Le citoyen doit intégrer que la loi et les règles, notamment celles de la circulation, sont là pour le défendre et le protéger lui d’abord, avant les autres. Il doit les respecter au lieu de les craindre.
J’avais huit mois d’âge quand Louis Gravier écrivait les lignes plus haut évoquées. Depuis les problèmes de la circulation se sont aggravés de manière exponentielle.
En nombre d’accidents et de morts sur les chaussées, nous battons de tristes records.
C’est dire surtout que les campagnes successives n’y ont rien fait et que les problématiques n’ont certainement pas encore été ni parfaitement étudiés, ni judicieusement maîtrisées.
Évidemment qu’il faut que la persuasion et la vigilance augmente. Bien sûr qu’il faut des règles plus sévères et une application stricte des lois, mais c’est au niveau psychologique et comportemental qu’il faut peut-être aller chercher des solutions efficaces et pérennes.
Le respect de la loi, le vivre ensemble, le comportement dans les lieux publics, le civisme tout court, doivent être au cœur de l’éducation et du système de l’enseignement.
Le respect du code de la route, le comportement au volant, l’attitude sur un deux roues, ou simplement les agissements en marchant, ne sont en fait que des déclinaisons du comportement global du citoyen.

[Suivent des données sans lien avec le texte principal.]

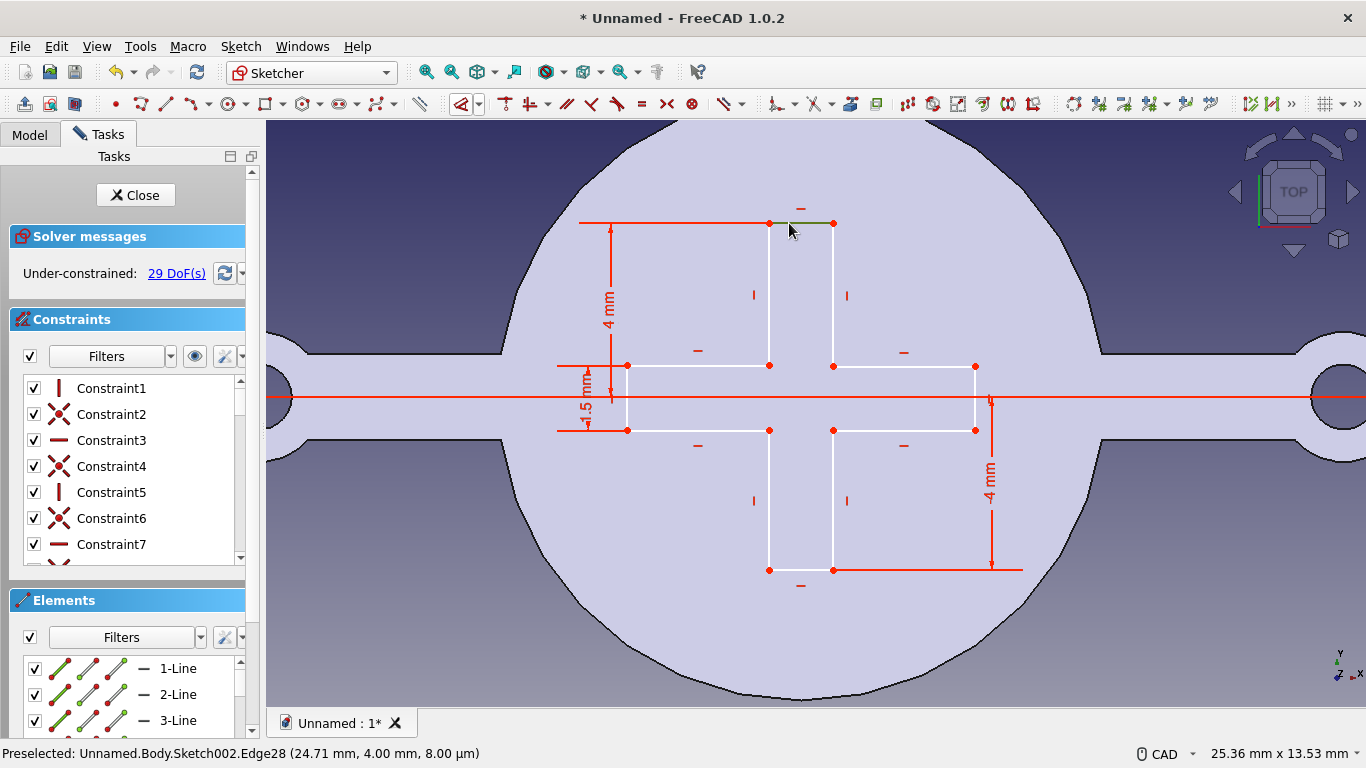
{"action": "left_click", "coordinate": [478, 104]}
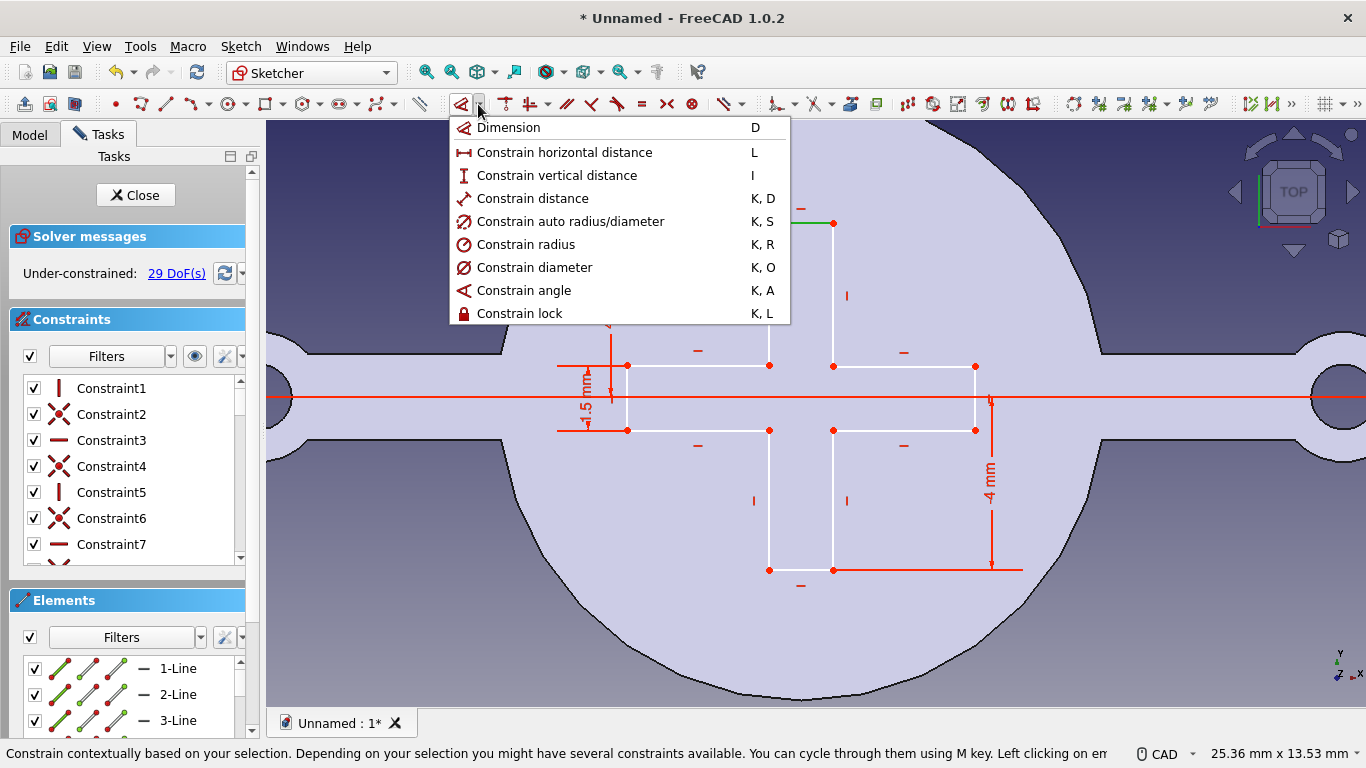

Nous devrions probablement aller plus loin dans l’approche et étudier notre capacité d’orientation dans l’espace, notre perception de l’autre, notre rapport au danger, nos habilités motrices à maîtriser un engin, notre appréciation de la vitesse et bien d’autres aspects de notre comportement.
Ce ne sont pas des campagnes sporadiques combien mal inspirées des fois, et encore moins la fameuse signature institutionnelle des bandes d’annonces qui vont y changer quelque chose.
Si rien n’évolue au plan stratégique et du concept, dans 70 ans, on aura perdu encore des dizaines de milliers de vie et certainement mutilé des centaines de milliers de nos frères et sœurs.
Et le texte de Louis Gravier serait hélas encore d’actualité.
Je me rappelle avoir commis une chronique similaire le vendredi 22 avril 2016, du temps où j’avais tous les vendredis un temps de parole à Radio Mars… Que le temps passe vite.